In this chapter we have described how statistical parametric mapping can be used to identify and characterise regionally specific effects in functional MRI data. We have also illustrated the principles of SPM through the ­analysis of a block-design data set using the SPM software. After preprocessing the data to correct them for movement and normalise them into a standard space, the general linear model and random field theory are used to analyse and make classical inferences. The GLM is used to model BOLD responses to given experimental manipulations. The estimated parameters of the GLM are used to compute a standard univariate statistical test at each and every voxel, leading to the construction of statistical parametric maps. The random field theory is then used to resolve the multiple comparisons problem induced by inferences over a volume of the brain containing many voxels. RFT provides a method for adjusting p values for the search volume of a statistical parametric map to control false-positive rates.

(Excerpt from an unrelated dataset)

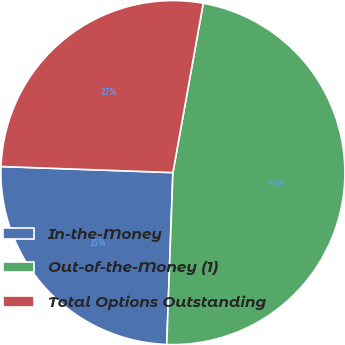Convert chart to OTSL. <chart><loc_0><loc_0><loc_500><loc_500><pie_chart><fcel>In-the-Money<fcel>Out-of-the-Money (1)<fcel>Total Options Outstanding<nl><fcel>24.99%<fcel>47.75%<fcel>27.26%<nl></chart> 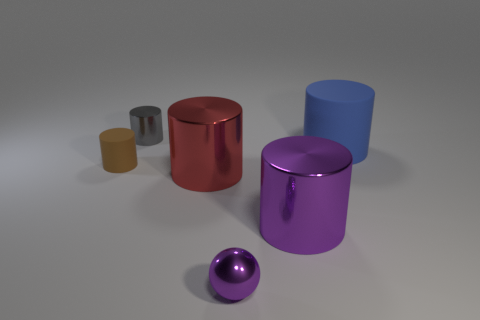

We have here described the fundamental methods used to carry out fMRI analyses in SPM. There are, however, many additional approaches and tools that can be used to refine and extend analyses, such as voxel-based morphometry (VBM) to analyse structural data sets (Ashburner and Friston 2000; Ridgway et al. 2008) and dynamic causal modelling (DCM) to study effective connectivity (Friston et al. 2003; Seghier et al. 2010; Stephan et al. 2010). While the key steps of the SPM approach we describe above remain broadly constant, SPM software (along with many other software analysis packages) is constantly evolving to incorporate advances in neuroimaging analysis; we encourage readers to explore these exciting new developments.